Well, I am in grade 8, and I have been studying grade 9 and 10 math, because in my opinion, Ontario curriculum takes it too easy.


----------



## StubbsCubing (Apr 12, 2016)

im doing oh at ncr so i have something to do.. I avg like 1:30 - 2:00, lol


----------



## PenguinsDontFly (Apr 12, 2016)

qwertycuber said:


> Well, I am in grade 8, and I have been studying grade 9 and 10 math, because in my opinion, Ontario curriculum takes it too easy.


If you like math and are good at it then go for it! Yeah, it is quite easy.


StubbsCubing said:


> im doing oh at ncr so i have something to do.. I avg like 1:30 - 2:00, lol


Haha see you there! Can't wait for your video! The one for the cube meet was really good.


----------



## kbrune (Apr 13, 2016)

Registered! Awww yeah!! Psyched to get some results in new events!


----------



## PenguinsDontFly (Apr 15, 2016)

Just registered 
I'm very excited, and can't wait to see everyone there!


----------



## kbrune (Apr 15, 2016)

Just saw your official results. Your fast Kian!


----------



## Lazy Einstein (Apr 15, 2016)

Antoine clean off your couch! I am coming to the comp!!


----------



## sqAree (Apr 15, 2016)

PenguinsDontFly said:


> Just registered
> I'm very excited, and can't wait to see everyone there!



Finally you go to a comp!  Looking forward to your incoming WRs hehe.


----------



## PenguinsDontFly (Apr 15, 2016)

sqAree said:


> Finally you go to a comp!  Looking forward to your incoming WRs hehe.


Haha yeah. I missed 3-4 comps by a week. I would've gone to Canadian open if it were a week later, I would've gone to Toronto open fall if it were a few weeks earlier, I would've gone to a comp in Iran if it was a month later (I was there in December visiting family), and I missed a few US comps that are a few hours drive over March break. Haha me? WRs? Nice joke.


----------



## StubbsCubing (Apr 20, 2016)

If we dont get enough competitors do you think we might have to reduce it to a 1 day comp?


----------



## antoineccantin (Apr 20, 2016)

StubbsCubing said:


> If we dont get enough competitors do you think we might have to reduce it to a 1 day comp?


Haha no way. This is a two day for sure. 

Keep in mind registration has only been open for week now, so we should get many more competitors before the competition. I personally know many people who are coming but have not registered yet.


----------



## PenguinsDontFly (Apr 20, 2016)

antoineccantin said:


> Haha no way.
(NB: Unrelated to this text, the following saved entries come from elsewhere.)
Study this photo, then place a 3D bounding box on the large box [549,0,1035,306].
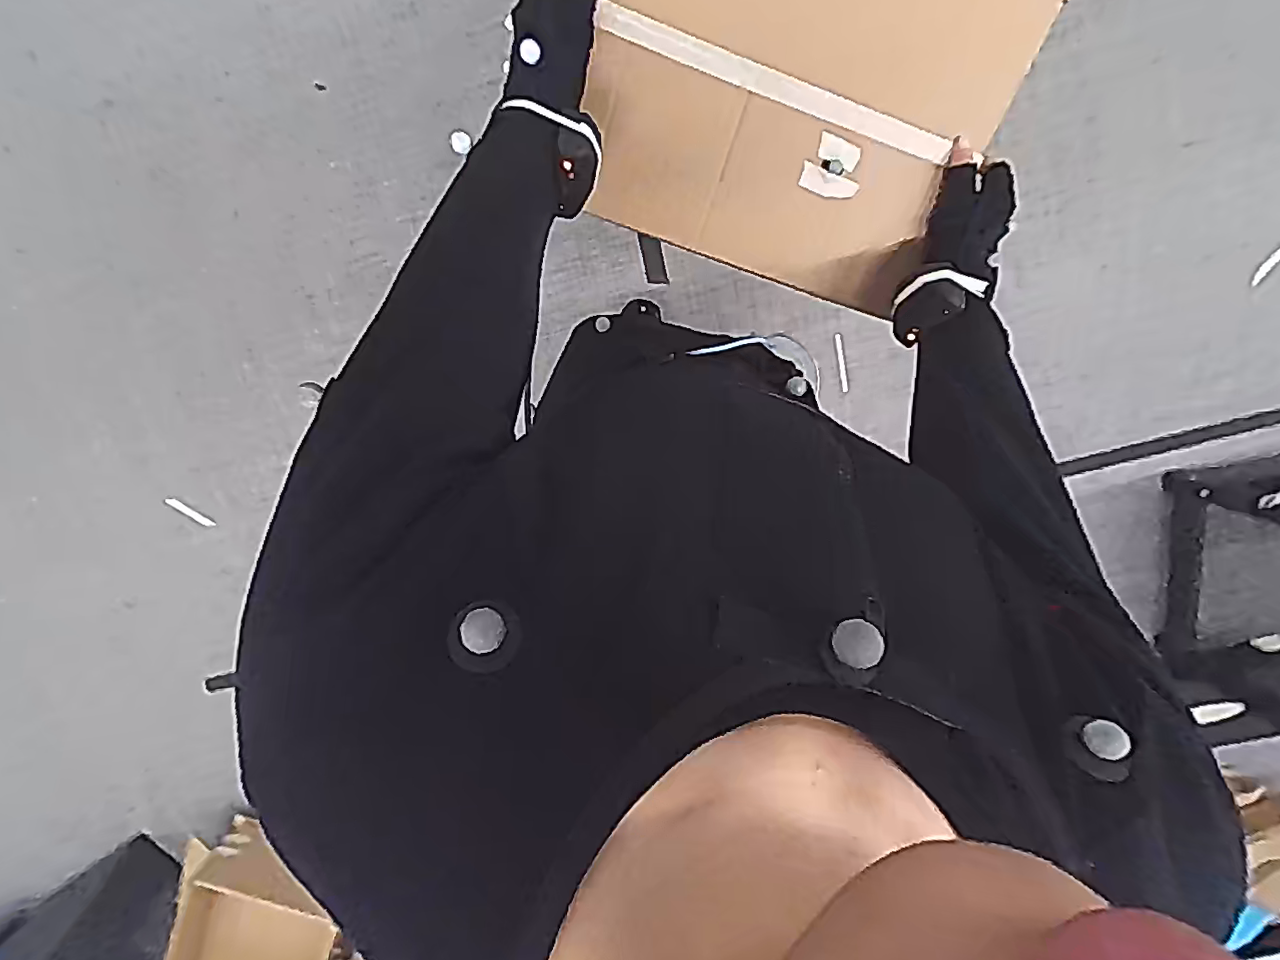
[{"bbox_3d":[0.131,-0.439,0.656,0.408,0.320,0.320,15,115,-9],"label":"large box"}]
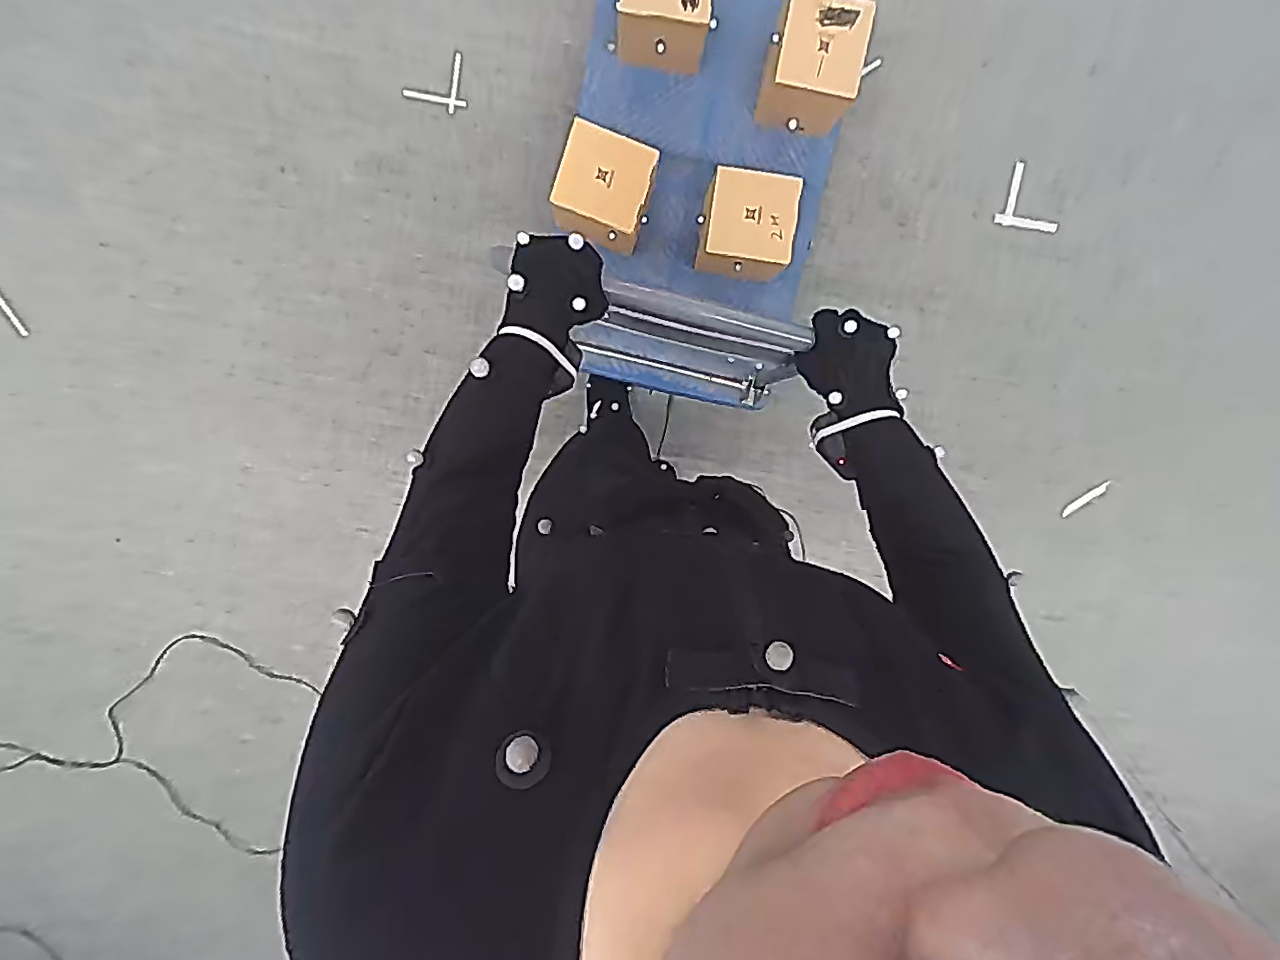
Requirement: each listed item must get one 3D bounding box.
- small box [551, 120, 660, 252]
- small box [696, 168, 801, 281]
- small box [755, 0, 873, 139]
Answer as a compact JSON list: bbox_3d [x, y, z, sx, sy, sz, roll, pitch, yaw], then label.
[{"bbox_3d":[-0.074,-0.605,1.140,0.179,0.176,0.168,19,96,-6],"label":"small box"},{"bbox_3d":[0.223,-0.539,1.162,0.179,0.176,0.168,7,98,-3],"label":"small box"},{"bbox_3d":[0.350,-0.851,1.122,0.168,0.176,0.179,10,99,-4],"label":"small box"}]
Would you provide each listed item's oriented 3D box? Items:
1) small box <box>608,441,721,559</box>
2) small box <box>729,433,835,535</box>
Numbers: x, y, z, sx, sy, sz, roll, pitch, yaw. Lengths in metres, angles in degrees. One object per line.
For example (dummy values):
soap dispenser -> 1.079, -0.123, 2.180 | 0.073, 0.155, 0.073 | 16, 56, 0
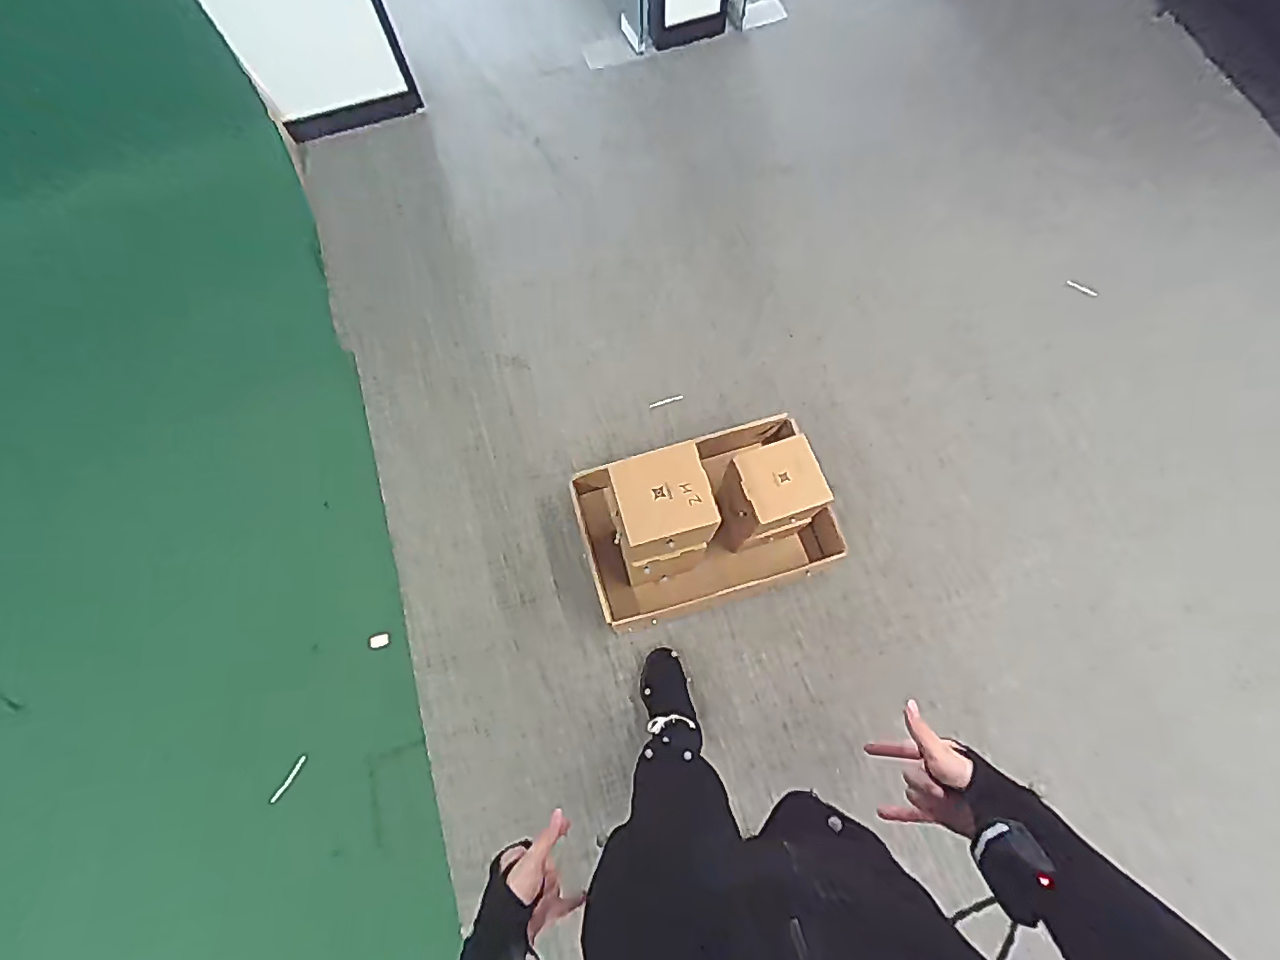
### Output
small box -> 0.045, 0.047, 1.063 | 0.179, 0.176, 0.168 | -15, 72, -5
small box -> 0.313, 0.017, 1.245 | 0.179, 0.176, 0.168 | -18, 75, -5
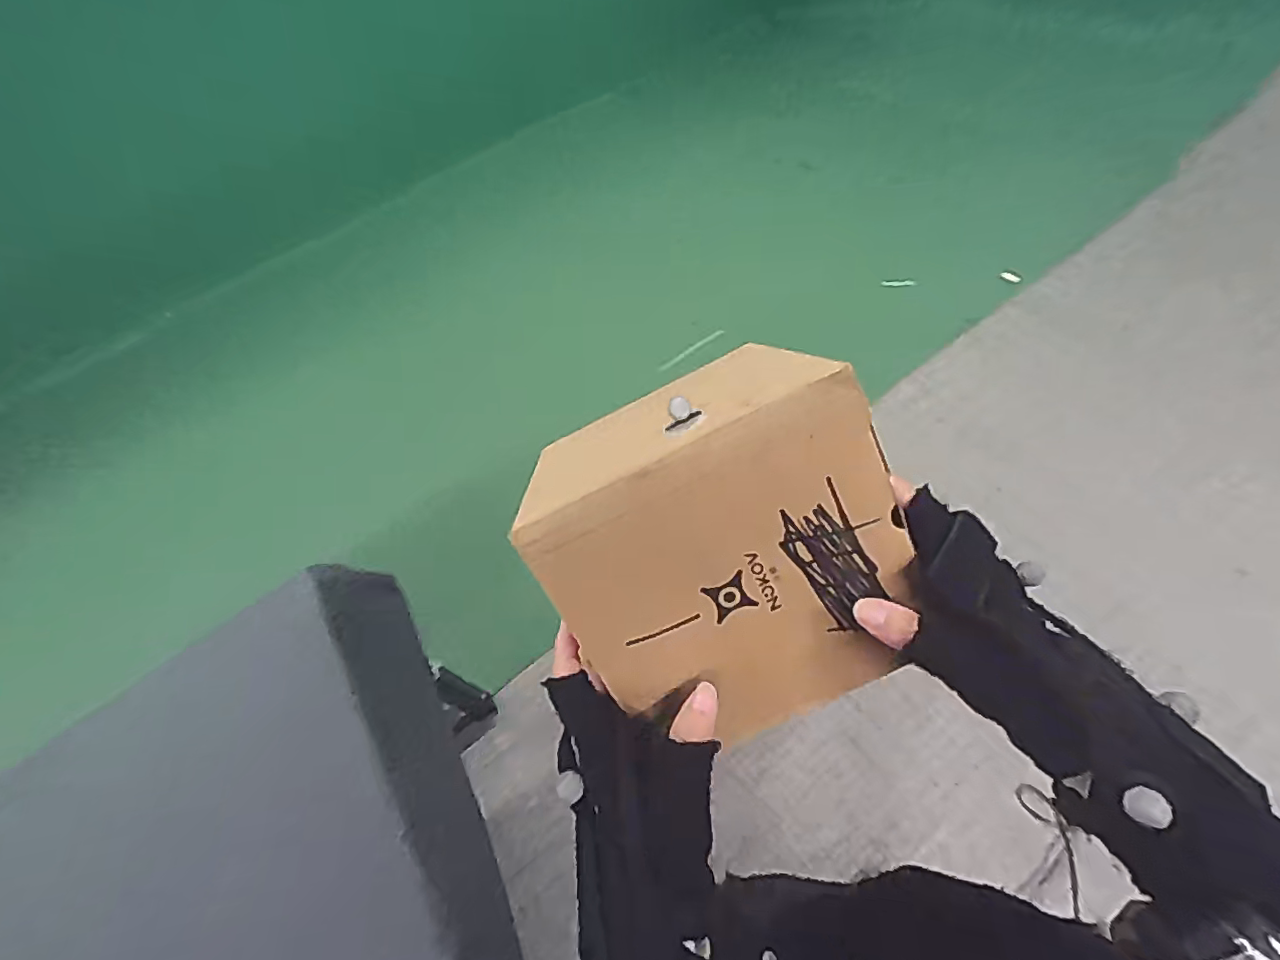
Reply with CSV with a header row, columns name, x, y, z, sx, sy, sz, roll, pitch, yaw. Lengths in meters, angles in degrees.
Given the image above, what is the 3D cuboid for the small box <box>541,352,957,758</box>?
name,x,y,z,sx,sy,sz,roll,pitch,yaw
small box,0.056,0.028,0.351,0.179,0.168,0.176,-25,16,5
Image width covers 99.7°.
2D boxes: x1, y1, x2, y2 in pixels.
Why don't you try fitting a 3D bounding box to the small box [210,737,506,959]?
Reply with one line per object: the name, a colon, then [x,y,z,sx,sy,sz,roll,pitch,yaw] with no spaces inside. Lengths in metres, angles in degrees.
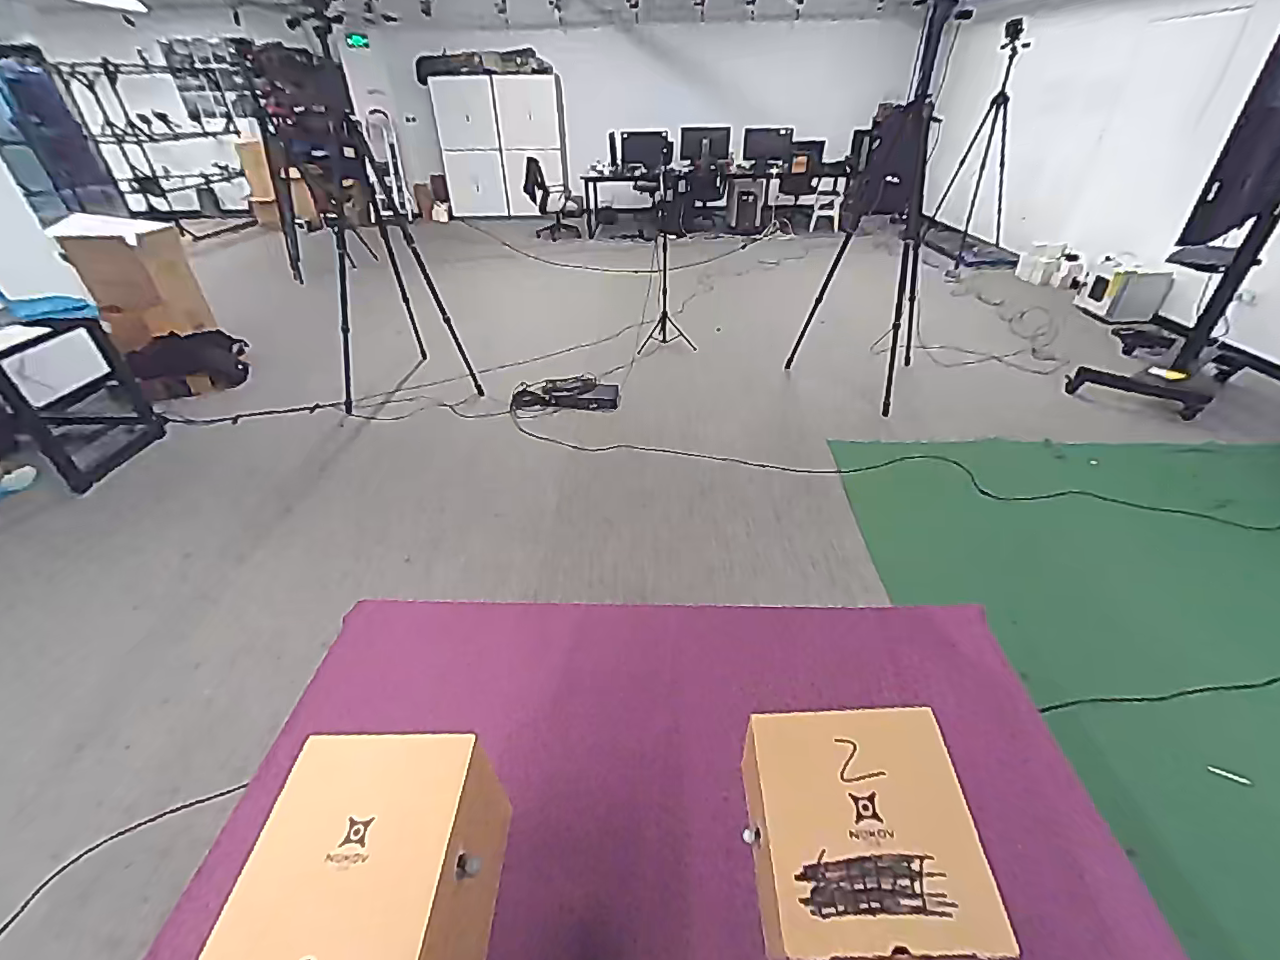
small box: [-0.235,0.369,0.512,0.168,0.176,0.179,-2,40,3]
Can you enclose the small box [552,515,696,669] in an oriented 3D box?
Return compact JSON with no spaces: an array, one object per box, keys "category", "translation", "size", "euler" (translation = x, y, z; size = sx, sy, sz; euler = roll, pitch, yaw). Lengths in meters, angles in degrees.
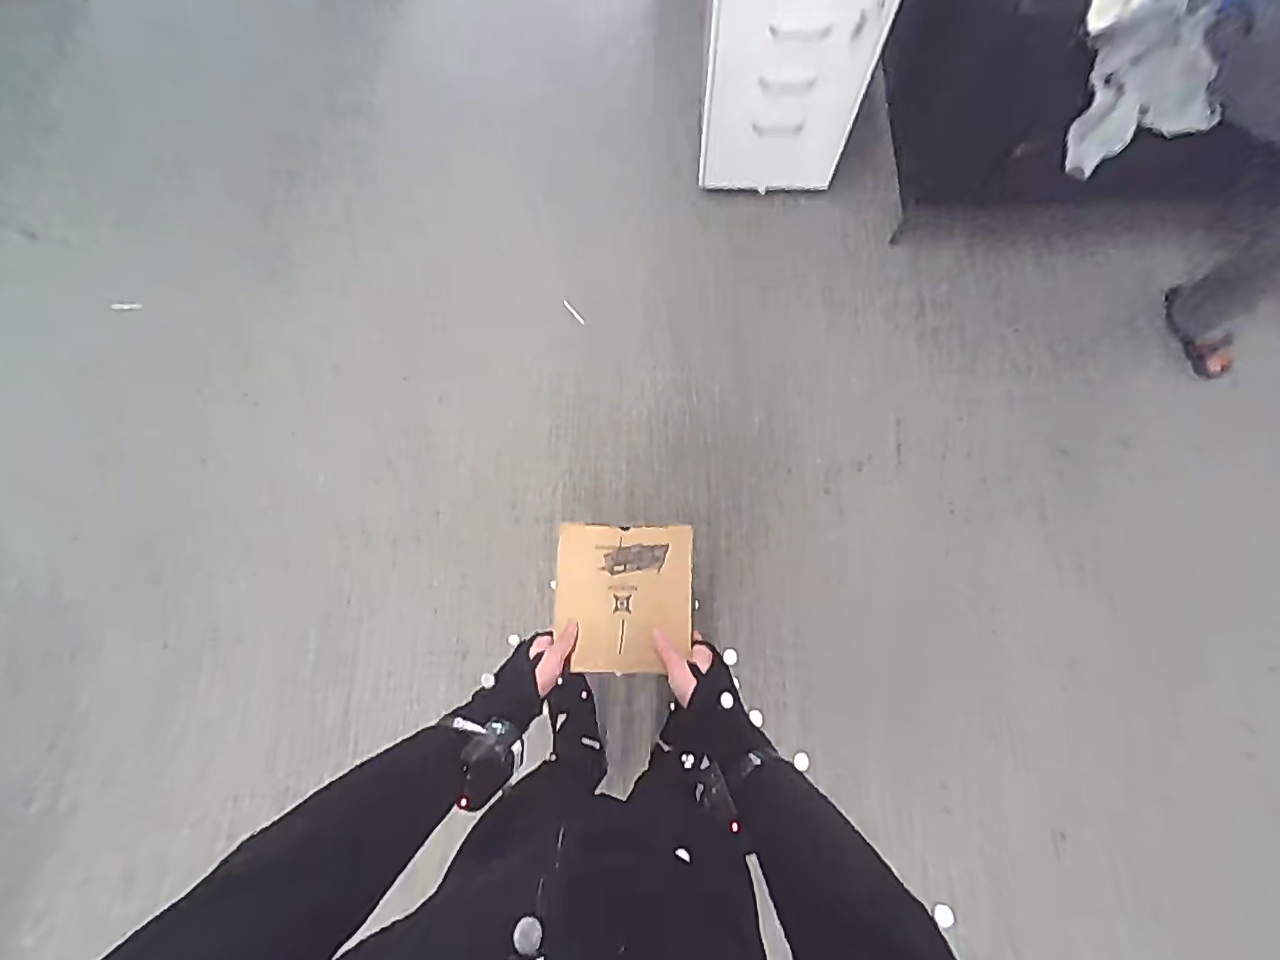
[{"category":"small box","translation":[-0.018,0.151,0.727],"size":[0.168,0.176,0.179],"euler":[3,77,1]}]

This is a two day for sure.
> 
> Keep in mind registration has only been open for week now, so we should get many more competitors before the competition. I personally know many people who are coming but have not registered yet.


My thoughts exactly. If I recall correctly, about this time last year, there were only about 7 or 8 competitors registered. The fact that we have 40 already is crazy. I'm expecting about 110 competitors this year.


----------



## claudeccantin (Apr 24, 2016)

Some people in Montreal are looking for a ride to come to the competition (organizers received at least one email to that effect, which means there are likely others looking for this as well). Please leave a note in this thread if you will be driving from Montreal to Rockland, and willing to bring someone else with you.

If you are looking for a ride, come back to this thread to see if someone is willing to share rides.


----------



## louis1204 (Apr 24, 2016)

Hi everyone

I am looking for a ride to come to this competition. Is anyone departing from Montreal so that we can share bill. Please contact me.

Many thanks


Yexing Li

TEL: 5148127999


----------



## louis1204 (Apr 25, 2016)

antoineccantin said:


> Haha no way. This is a two day for sure.
> 
> Keep in mind registration has only been open for week now, so we should get many more competitors before the competition. I personally know many people who are coming but have not registered yet.



Hi Antoine,

I came from China and now study in Montreal.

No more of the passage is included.